> [WHAT IS NEEDED] Below are lines of data; restate word for word those running from the line containing "Answer in list order. Could" to the line containing "#14 gelatin box [472,56,522,153]", inclusive, and no others.

> [TASK INPUT]
--------------------
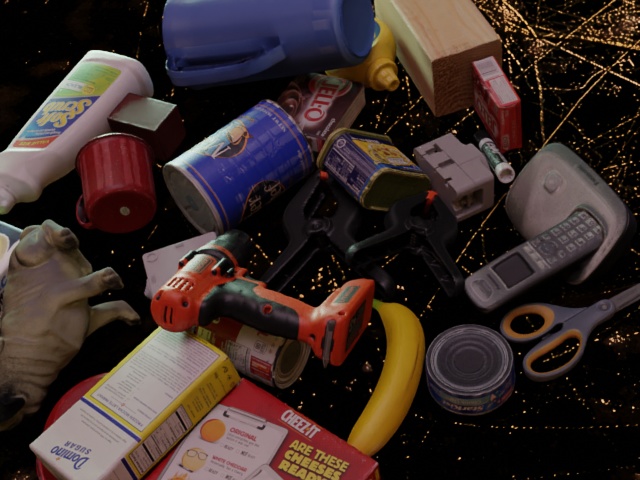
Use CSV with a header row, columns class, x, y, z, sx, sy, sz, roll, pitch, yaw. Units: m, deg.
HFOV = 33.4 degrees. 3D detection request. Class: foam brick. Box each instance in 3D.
class,x,y,z,sx,sy,sz,roll,pitch,yaw
foam brick,-0.213,-0.140,1.317,0.078,0.053,0.051,18,55,24

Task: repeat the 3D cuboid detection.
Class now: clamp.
class,x,y,z,sx,sy,sz,roll,pitch,yaw
clamp,-0.008,0.001,1.159,0.164,0.036,0.210,-13,44,9
clamp,0.091,-0.003,1.107,0.120,0.039,0.171,17,30,-3

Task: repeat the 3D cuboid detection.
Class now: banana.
class,x,y,z,sx,sy,sz,roll,pitch,yaw
banana,0.067,0.131,1.034,0.070,0.037,0.197,-22,37,33

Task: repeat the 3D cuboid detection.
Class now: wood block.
class,x,y,z,sx,sy,sz,roll,pitch,yaw
wood block,0.143,-0.259,1.322,0.090,0.091,0.206,-19,48,-6

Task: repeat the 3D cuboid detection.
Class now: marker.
class,x,y,z,sx,sy,sz,roll,pitch,yaw
marker,0.193,-0.095,1.190,0.020,0.020,0.121,-13,27,0

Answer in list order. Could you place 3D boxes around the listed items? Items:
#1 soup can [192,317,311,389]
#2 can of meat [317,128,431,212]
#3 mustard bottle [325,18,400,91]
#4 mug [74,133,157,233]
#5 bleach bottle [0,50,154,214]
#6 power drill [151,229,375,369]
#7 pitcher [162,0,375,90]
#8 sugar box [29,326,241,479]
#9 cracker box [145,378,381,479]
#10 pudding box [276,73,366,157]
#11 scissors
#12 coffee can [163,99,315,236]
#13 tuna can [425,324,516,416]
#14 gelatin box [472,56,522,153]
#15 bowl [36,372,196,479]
class,x,y,z,sx,sy,sz,roll,pitch,yaw
soup can,-0.068,0.100,1.064,0.102,0.068,0.068,21,56,27
can of meat,0.061,-0.074,1.173,0.101,0.057,0.084,5,31,-45
mustard bottle,0.041,-0.244,1.350,0.096,0.058,0.192,-39,52,-2
mug,-0.241,-0.056,1.233,0.117,0.093,0.081,-34,49,23
bleach bottle,-0.317,-0.128,1.323,0.103,0.068,0.250,17,57,26
power drill,-0.046,0.051,1.028,0.188,0.057,0.184,12,27,15
pitcher,-0.065,-0.250,1.297,0.243,0.144,0.149,0,83,28
sugar box,-0.166,0.157,0.970,0.093,0.048,0.176,25,60,40
cracker box,-0.072,0.248,0.933,0.164,0.072,0.213,28,59,30
pudding box,-0.007,-0.154,1.295,0.090,0.039,0.113,15,53,23
scissors,0.262,0.064,1.062,0.201,0.016,0.096,-39,53,-22
coffee can,-0.091,-0.079,1.204,0.140,0.103,0.103,-37,52,-20
tuna can,0.144,0.123,1.022,0.086,0.034,0.086,-6,48,7
gelatin box,0.203,-0.156,1.230,0.030,0.073,0.089,-17,48,-3
bowl,-0.204,0.183,1.028,0.162,0.055,0.162,-6,48,6
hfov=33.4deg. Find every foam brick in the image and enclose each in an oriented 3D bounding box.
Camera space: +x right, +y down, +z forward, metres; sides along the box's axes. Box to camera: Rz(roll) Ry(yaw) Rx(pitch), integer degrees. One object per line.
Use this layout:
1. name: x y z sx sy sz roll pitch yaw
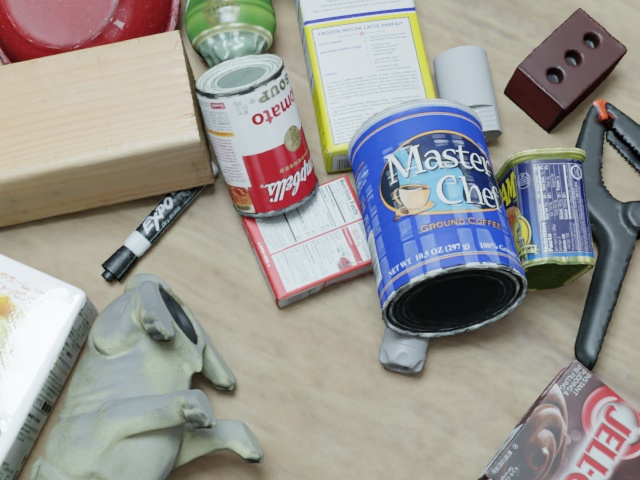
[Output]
1. foam brick: 0.195 -0.134 0.849 0.053 0.051 0.078 44 76 9

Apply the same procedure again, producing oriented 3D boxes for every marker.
1. marker: -0.123 -0.015 0.813 0.020 0.020 0.121 38 75 8

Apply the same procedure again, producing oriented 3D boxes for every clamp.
1. clamp: 0.257 -0.012 0.822 0.164 0.036 0.210 -8 71 -2

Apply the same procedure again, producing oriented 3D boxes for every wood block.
1. wood block: -0.190 -0.076 0.780 0.206 0.090 0.091 -11 72 -1

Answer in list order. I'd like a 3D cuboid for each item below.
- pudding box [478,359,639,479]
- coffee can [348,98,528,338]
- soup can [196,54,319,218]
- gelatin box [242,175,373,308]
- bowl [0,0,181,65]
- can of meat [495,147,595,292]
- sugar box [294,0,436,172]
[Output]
1. pudding box: 0.182 0.157 0.767 0.090 0.039 0.113 40 75 8
2. coffee can: 0.082 -0.015 0.765 0.102 0.103 0.140 -7 60 -5
3. soup can: -0.045 -0.077 0.784 0.068 0.102 0.068 -12 30 7
4. gelatin box: -0.005 0.001 0.810 0.089 0.030 0.073 -22 74 -9
5. bowl: -0.191 -0.189 0.815 0.162 0.055 0.162 0 94 4
6. can of meat: 0.162 -0.012 0.785 0.057 0.102 0.084 -2 76 -5
7. sugar box: 0.035 -0.147 0.848 0.093 0.048 0.176 -8 70 -6
--------------------
> [RESULT OF THIS TASK]
Answer in list order. Could you place 3D boxes around the listed items? Items:
#1 soup can [192,317,311,389]
#2 can of meat [317,128,431,212]
#3 mustard bottle [325,18,400,91]
#4 mug [74,133,157,233]
#5 bleach bottle [0,50,154,214]
#6 power drill [151,229,375,369]
#7 pitcher [162,0,375,90]
#8 sugar box [29,326,241,479]
#9 cracker box [145,378,381,479]
#10 pudding box [276,73,366,157]
#11 scissors
#12 coffee can [163,99,315,236]
#13 tuna can [425,324,516,416]
#14 gelatin box [472,56,522,153]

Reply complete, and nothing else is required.